The Mudcat Café TM
Thread #104457   Message #2145209
Posted By: GUEST,Tom Bliss
10-Sep-07 - 04:42 AM
Thread Name: She changed the words to Raglan Road
Subject: RE: She changed the words to Raglan Road
Sorry if I've bored you Steve. I love dissecting songs and forget that others may be squeamish :-) My apologies. May I humbly suggest you just skip right over my ramblings (easy to spot, they're the long ones!)?

And sorry for not posting the whole poem earlier Charley. I was assuming that everyone here knew it from the threads above (where others have made similar points to mine in the past). An error on my part.

But now we have it to hand, may I just point out the internal rhyming scheme - which I think undermines the suggestion that PK had DotD (or indeed any other tune) in mind when he wrote it?

Some lines don't comform at all, and I'm sure if he was humming DotD along, or anything like, he'd have written the beginning of verse three very differently. But if you don't try to put it in the metre of the song, the internal rhymes work perfectly, and the lack of them in some lines is not an issue at all.

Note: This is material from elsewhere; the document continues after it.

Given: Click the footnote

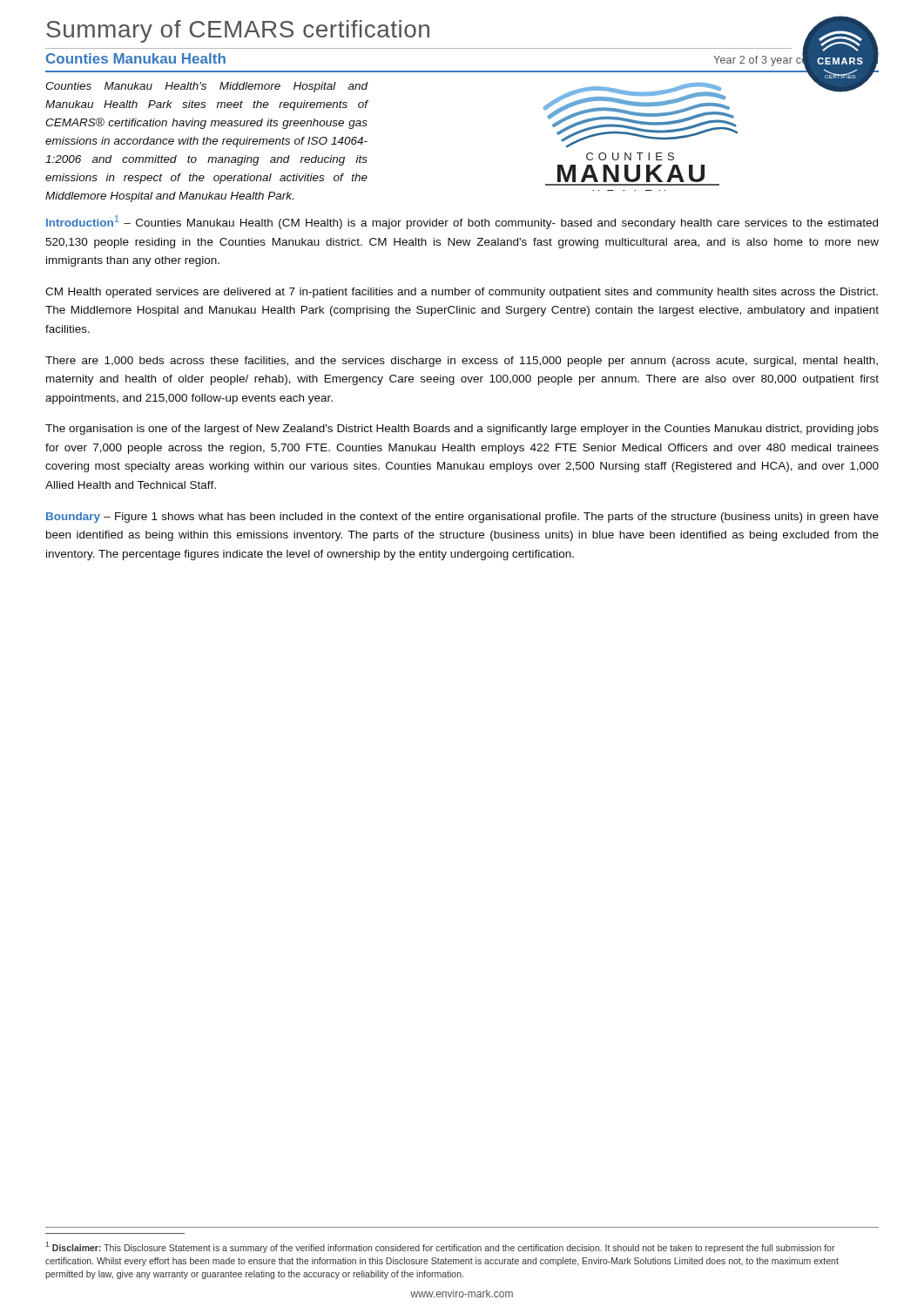Looking at the screenshot, I should (442, 1259).

Nor are the stresses of the verse.

(I do find myself wondering if he changed the street to RR from ''Something' Way' perhaps, as he's worked so hard at most of the other internal rhymes, and not many writers would break their own system in the very first line, as it sets people off down the wrong road)!

Thereafter we have this pattern most of the time, (but not always on the beats where the phrases break in DotD):
AAB
CCB
DDE
FFE

On Raglan ROAD on an autumn DAY I met her first and knew (no internal rhyme)
That her dark HAIR would weave a SNARE that I might one day rue;
I saw the DANGER, yet I WALKED Along the enchanted way, (not a proper rhyme, might he have considered 'strayed' at some point? anyway it works fine on the page)
And I said, let GRIEF be a fallen LEAF at the dawning of the day.

On Grafton STREET in November WE Tripped lightly along the ledge (I like it sung like this, but it's not commonly done)
Of the deep raVINE where can be SEEN the worth of passion's pledge,
The Queen of HEARTS still making TARTS and I not making hay - (see what I mean about the humour? You almost need to wink at this point)
O I loved too MUCH and by such and SUCH is happiness thrown away.

I gave her gifts of the MIND I gave her the secret SIGN that's known (try singing this to DotD as it's written, fitting the rhymes into the tune where the other lines have them, then stretching 'that's known' over 8 beats - eeek!)
To the artists WHO have known the TRUE gods of sound and stone (again, try singing it like this aaaaagh!)
And word and TINT. I did not STINT for I gave her poems to say.
With her own name THERE and her own dark HAIR like clouds over fields of May

On a quiet STREET where old ghosts MEET I see her walking now
Away from ME so hurriedLY my reason must allow
That I had WOOED not as I SHOULD a creature made of clay - (it's a shame so many change it to 'loved' when 'wooed' rhymes)
When the angel WOOS the clay he'd LOSE his wings at the dawn of day.

Given the syllable count between all these rhymes (and the normal ones at the end of the lines), could PK really have had any tune in mind? Or was he writing free poetry? I think he was - because it's beautiful and unfettered on the page.

I also agree entirely about a sense of absurdity, of self-depricating irony and wry humour, which doesn't come over in the DotD song because the tune imposes a tragic mood on the words. The tune, while beautiful, is ponderous, and I don't think the poem is.

Anyway I've taken up enough of your time. Thanks for having me!